**DATA FOR ANALYSIS**
----------
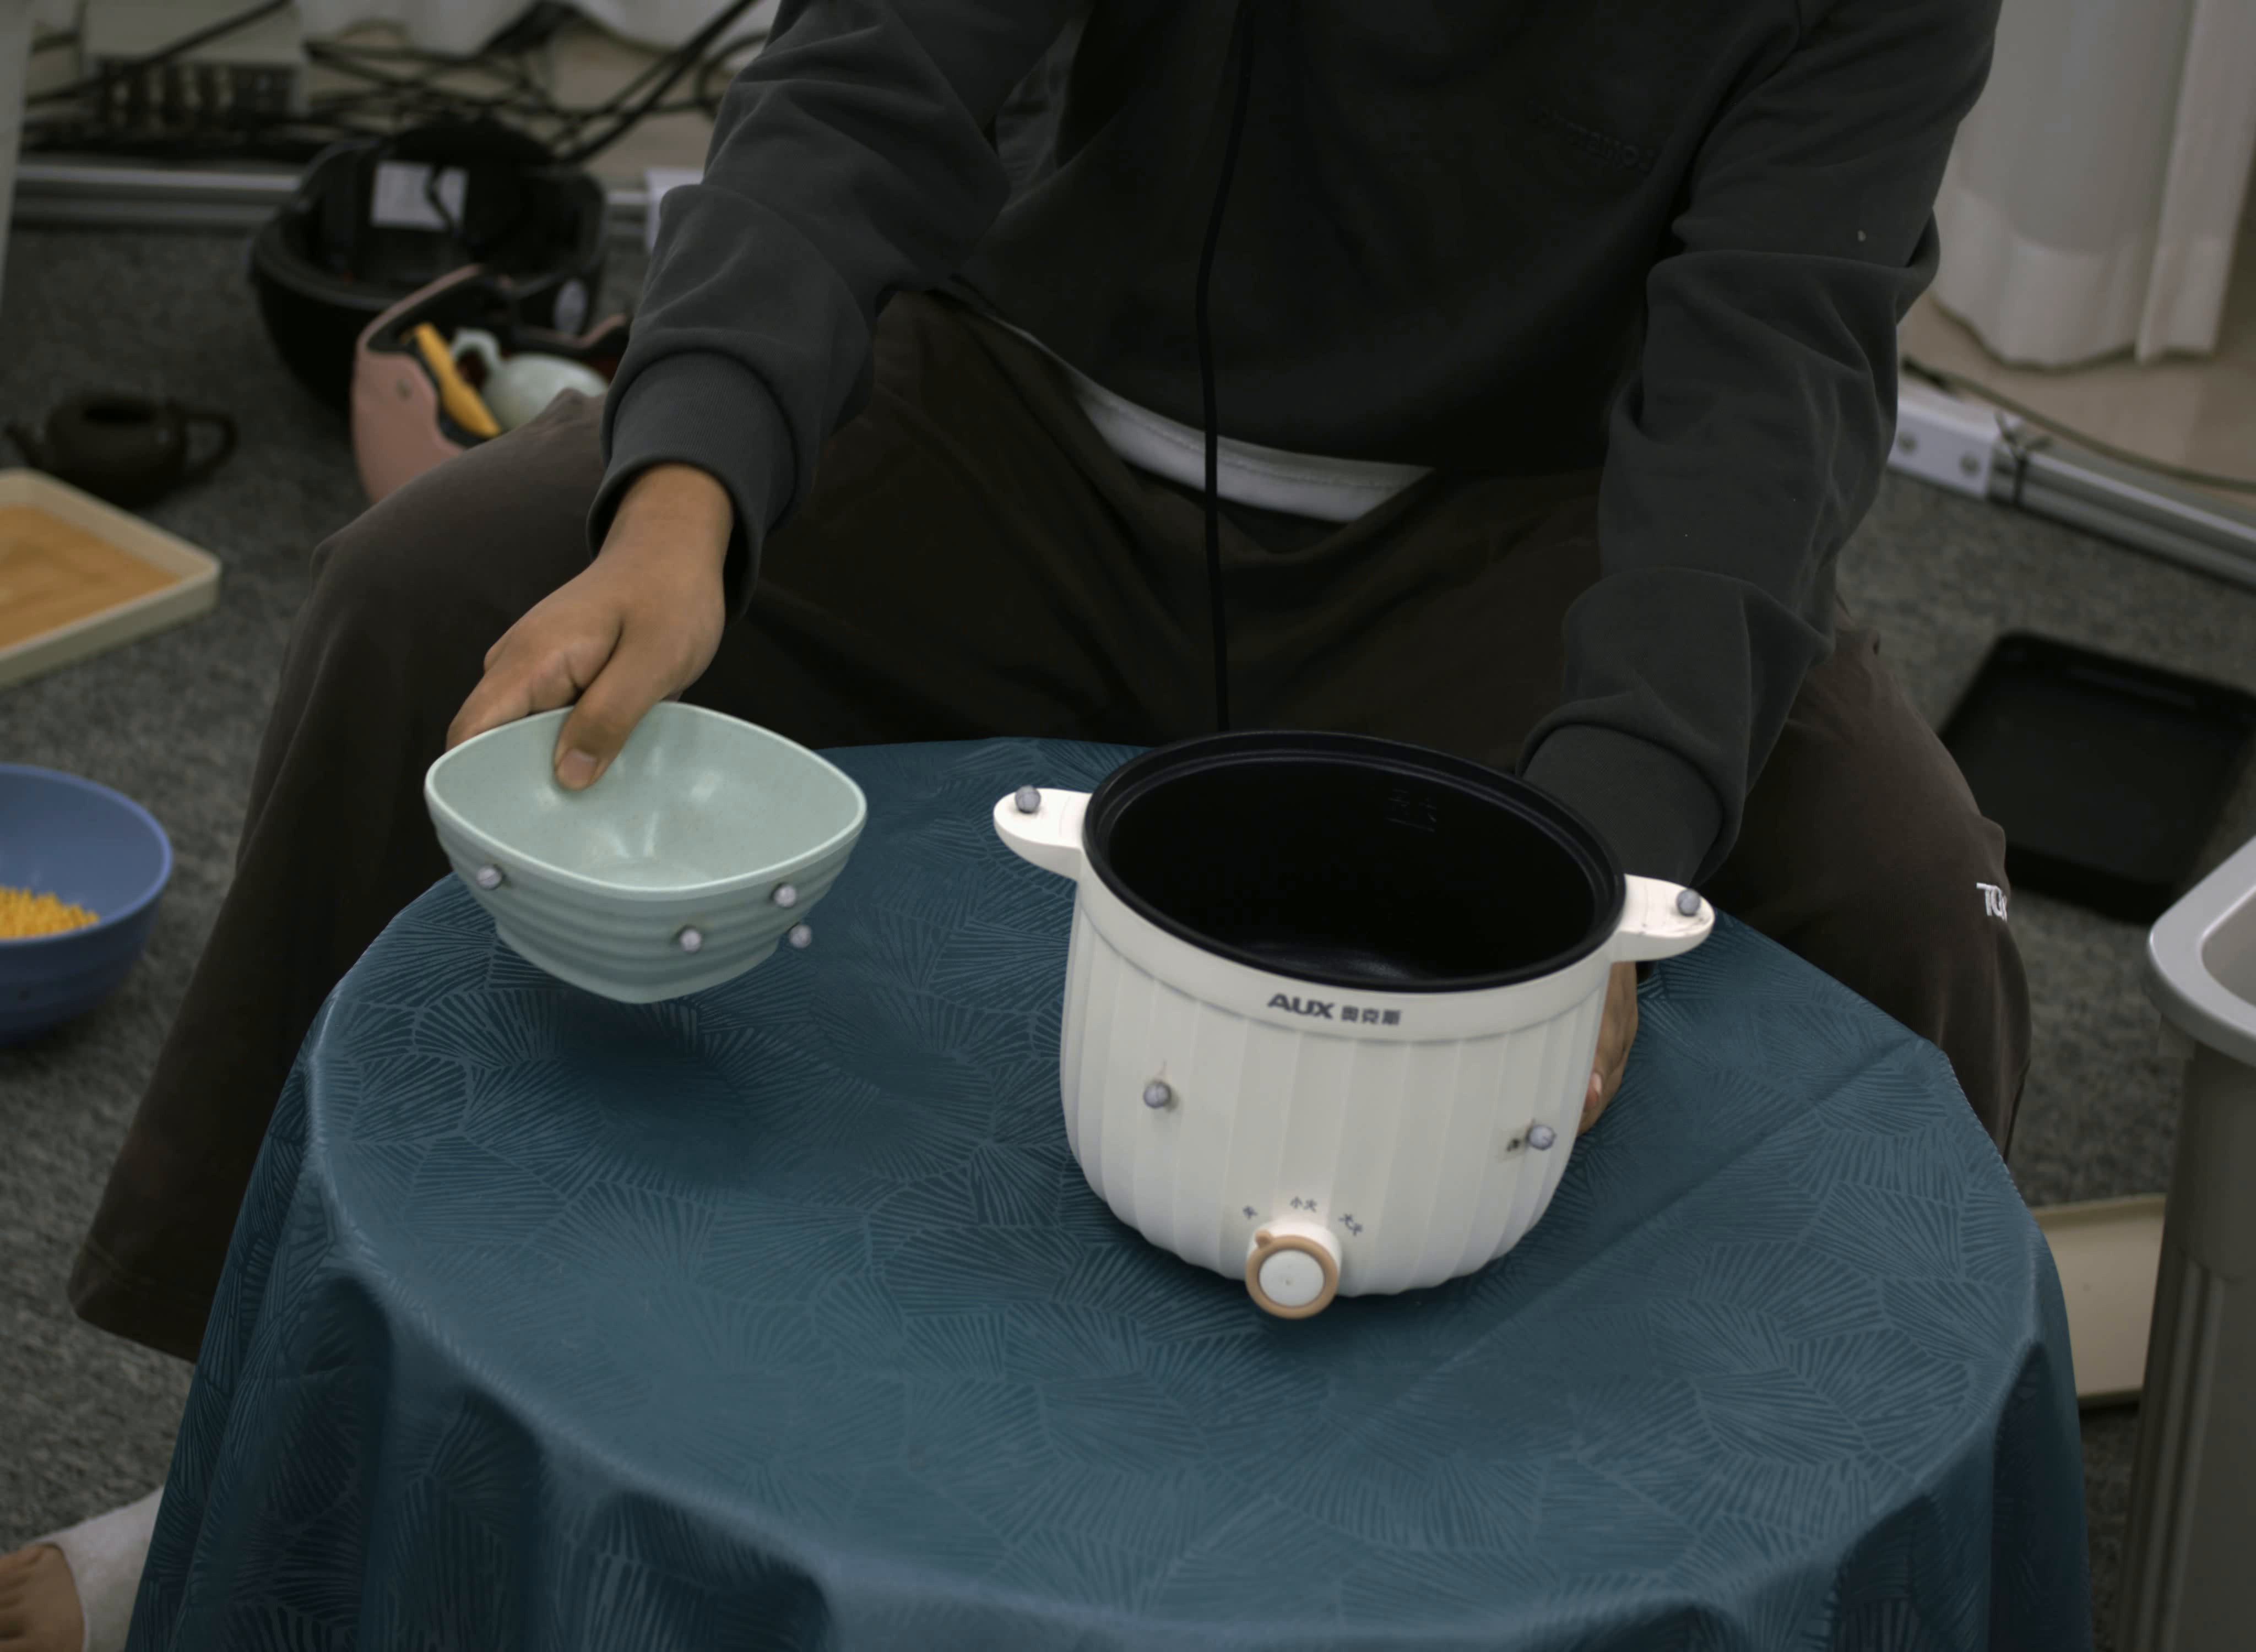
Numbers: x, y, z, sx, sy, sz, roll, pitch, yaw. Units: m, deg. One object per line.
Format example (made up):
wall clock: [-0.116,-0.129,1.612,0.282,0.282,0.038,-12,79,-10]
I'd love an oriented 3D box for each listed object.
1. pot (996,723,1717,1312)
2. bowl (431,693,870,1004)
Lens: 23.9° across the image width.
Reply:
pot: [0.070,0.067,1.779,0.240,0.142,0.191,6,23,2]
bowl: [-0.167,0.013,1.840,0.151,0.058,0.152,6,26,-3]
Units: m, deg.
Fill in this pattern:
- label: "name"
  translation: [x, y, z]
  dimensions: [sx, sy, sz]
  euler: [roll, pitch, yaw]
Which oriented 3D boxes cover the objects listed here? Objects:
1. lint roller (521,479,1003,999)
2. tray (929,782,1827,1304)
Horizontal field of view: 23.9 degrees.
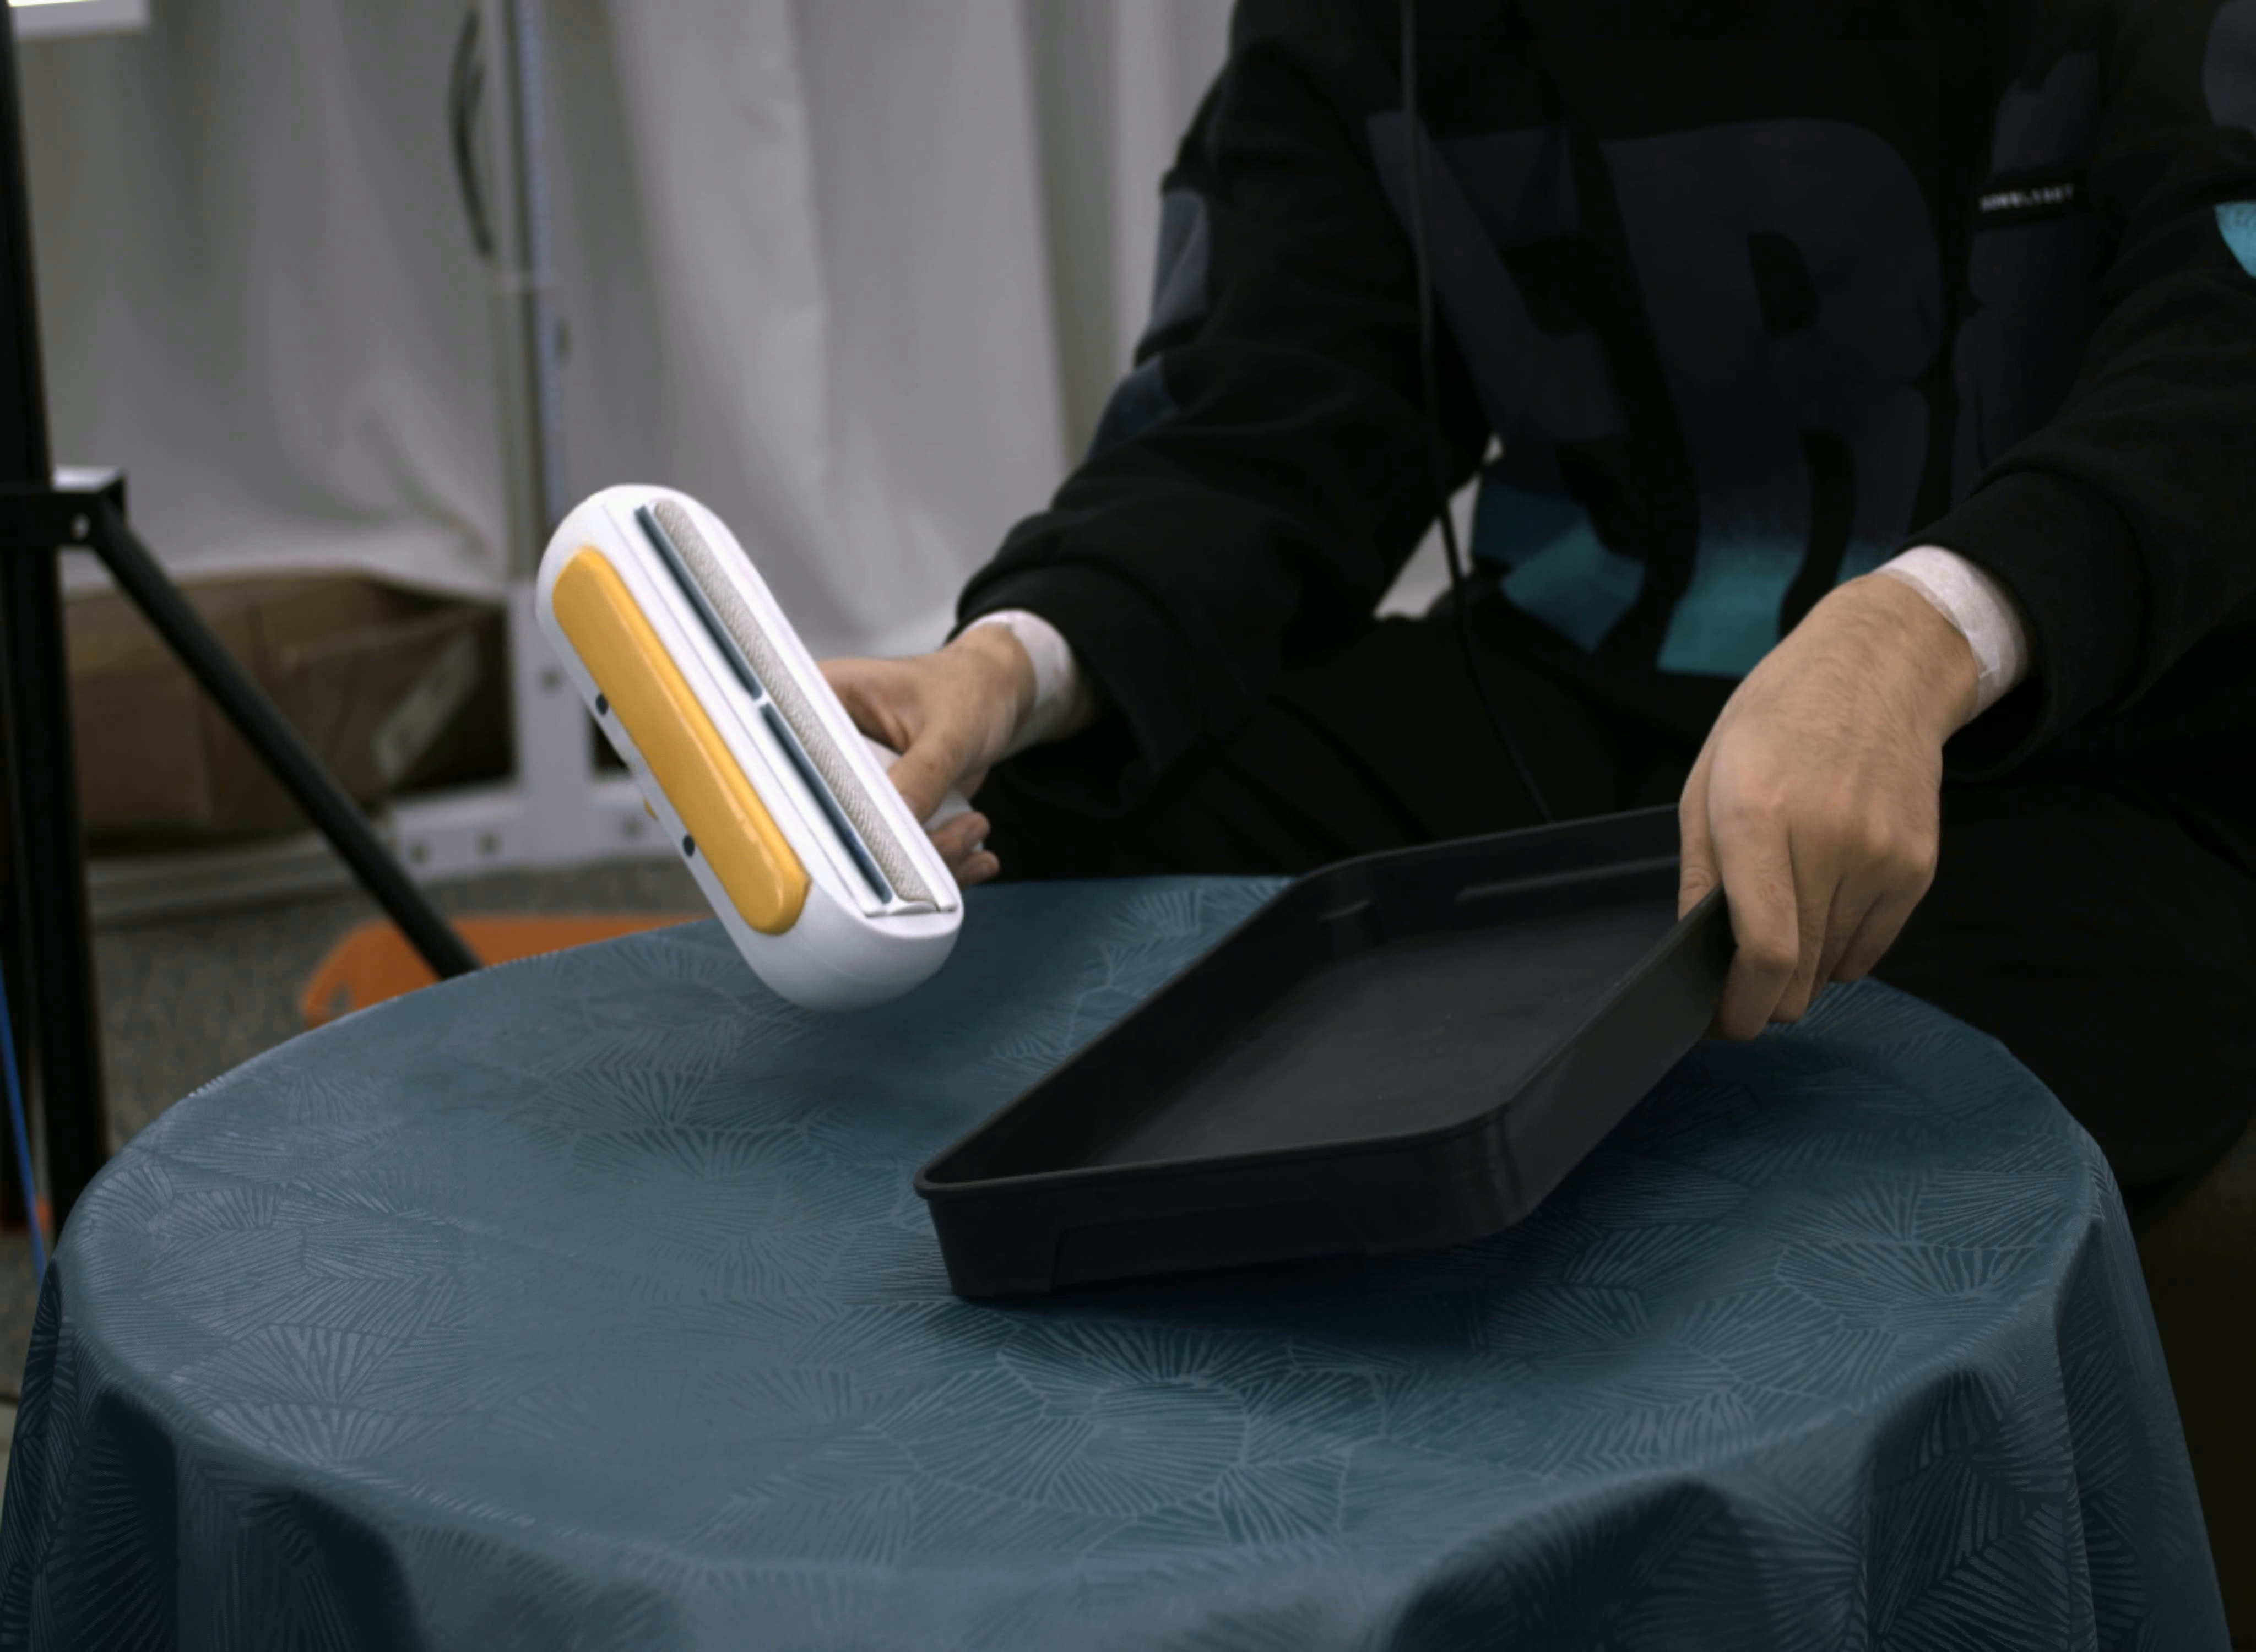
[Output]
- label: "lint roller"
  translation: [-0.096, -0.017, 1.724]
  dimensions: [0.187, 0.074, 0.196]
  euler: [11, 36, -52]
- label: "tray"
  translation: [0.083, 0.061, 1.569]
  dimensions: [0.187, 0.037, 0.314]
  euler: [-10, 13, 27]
----------
**PROBLEM STATEMENT**
Leaving out every picture, transcribe exactly the lines from the line that contains "1. pot (996,723,1717,1312)" through the final line of the entries above.

**ANSWER SPACE**
1. pot (996,723,1717,1312)
2. bowl (431,693,870,1004)
Lens: 23.9° across the image width.
Reply:
pot: [0.070,0.067,1.779,0.240,0.142,0.191,6,23,2]
bowl: [-0.167,0.013,1.840,0.151,0.058,0.152,6,26,-3]
Units: m, deg.
Fill in this pattern:
- label: "name"
  translation: [x, y, z]
  dimensions: [sx, sy, sz]
  euler: [roll, pitch, yaw]
Which oriented 3D boxes cover the objects listed here? Objects:
1. lint roller (521,479,1003,999)
2. tray (929,782,1827,1304)
Horizontal field of view: 23.9 degrees.
[Output]
- label: "lint roller"
  translation: [-0.096, -0.017, 1.724]
  dimensions: [0.187, 0.074, 0.196]
  euler: [11, 36, -52]
- label: "tray"
  translation: [0.083, 0.061, 1.569]
  dimensions: [0.187, 0.037, 0.314]
  euler: [-10, 13, 27]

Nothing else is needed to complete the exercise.